Datenqualität

Warum Informatica AddressDoctor kauft

Sascha Alexander ist Manager Marketing & Kommunikation bei der QUNIS GmbH, Neubeuern, die auf Beratung und Projekte in der Business Intelligence, Big Data und Advanced Analytics spezialisiert ist. Zuvor war der Autor als Director Communications bei den Marktforschungs- und Beratungsunternehmen BARC und PAC tätig. Als ehemaliger Redakteur der COMPUTERWOCHE sowie Gründer und Chefredakteur des Portals und Magazins für Finanzvorstände CFOWORLD verbindet ihn zudem eine lange gemeinsame Zeit mit IDG.
Seine Themenschwerpunkte sind: Business Intelligence, Data Warehousing, Datenmanagement, Big Data, Advanced Analytics und BI Organisation.
Mit der Übernahme verschafft sich Informatica eine starke Position auf dem Gebiet der Adressvalidierung und hat bereits konkrete Pläne.

Anfang des Monats hatte der auf Software für Datenintegration spezialisierte Hersteller Informatica das in Maxdorf bei Mannheim ansässige Softwarehaus AddressDoctor für eine nicht genannte Summe übernommen. Damit gelangt Informatica in Besitz von Technik zur Adressprüfungen, die AddressDoctor mittlerweile für rund 240 Länder und Territorien bereitstellt.
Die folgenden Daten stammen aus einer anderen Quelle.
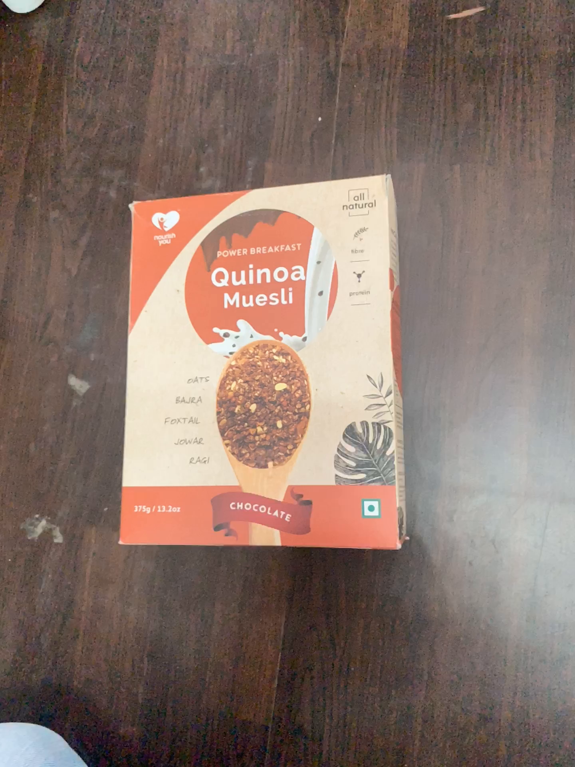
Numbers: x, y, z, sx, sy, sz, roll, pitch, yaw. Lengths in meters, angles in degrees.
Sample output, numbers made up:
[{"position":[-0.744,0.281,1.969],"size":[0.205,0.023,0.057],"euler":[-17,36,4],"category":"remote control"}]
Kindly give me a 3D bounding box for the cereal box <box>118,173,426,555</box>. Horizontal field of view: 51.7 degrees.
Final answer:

Kunden, die vor allem aus dem Handel, Tourismusbranche und Dienstleistungsgewerbe stammen, können mit ihr auf unterschiedlicher Detailebene Anschriften validieren, beispielsweise nach Straßen oder dem Lieferort. Dank der Unterstützung von Geokodierung können Kunden zudem die Adressdaten mit Längen und Breitengraden kombinieren.

Gestärkte Position im Datenqualitäts-Management

Auch Informatica ist seit längerem mit Produkten für das Datenqualitäts-Manamgement in Markt unterwegs. So findet sich als Teil der Werzeugsammlung "Informatica Data Quality" auch als "Data Quality Content Option" bezeichnete Software für die globale Adressvalidierung. Hinter diesem Angebot steckt die Technik von AddressDoctor, die das Softwarehaus seit längerem im Rahmen eines OEM-Abkommens beisteuert. Mit dem Kauf des Partners will sich Informatica offenbar vor allem den Zugang zu dieser Technik sichern und die eigene Position in im Markt für Datenqualitäts-Management-Software stärken, der laut Analysten aktuell ein Volumen von 438 Millionen Dollar hat (siehe auch die Umfrage zu Datenqualität in deutschen Unternehmen).

Laut Informatica-Geschäftführer Otto Neuer ist man künftig der einzige Anbieter mit integrierter Adressvaldierungs-Engine.
Laut Informatica-Geschäftführer Otto Neuer ist man künftig der einzige Anbieter mit integrierter Adressvaldierungs-Engine.
Foto: Otto Neuer

"Wir werden in der Lage sein, unseren Kunden eine globale Address Validation Engine zur Verfügung zu stellen, die in über 200 Ländern funktionieren wird. Dies wird ein wesentliches Unterscheidungsmerkmal gegenüber unseren Mitbewerbern sein", erklärte Otto Neuer, Geschäftsführer Zentraleuropa von Informatica, auf Anfrage der Computerwoche. Die Adressvalidierung sei ein kritischer Bestandteil der Datenqualität und decke geschätzte 40 Prozent der Datenpflegearbeiten ab. Zusätzlich könne man die Technik in Anwendungsgebieten wie Stammdatenverwaltung und CRM positionieren, welche mittlerweile ebenfalls im Fokus der Produktstrategie Informaticas liegen.

"Diese Akquisition stärkt unsere Konkurrenzfähigkeit im Markt, da wir nun die Eigentümer der relevanten Intellectual Properties auf dem Gebiet der globalen Adressvalidierung sind." Laut Neuer sei man nunmehr der einzige Anbieter, der eine integrierte Address Validation Engine vorzeigen könne. Um diesen Vorteil auszubauen, will der Hersteller nun die Produkte von AddressDoctor in der nächsten Version 9 der Datenintegrationsplattform "PowerCenter" enger in das eigene Portfolio zu integrieren.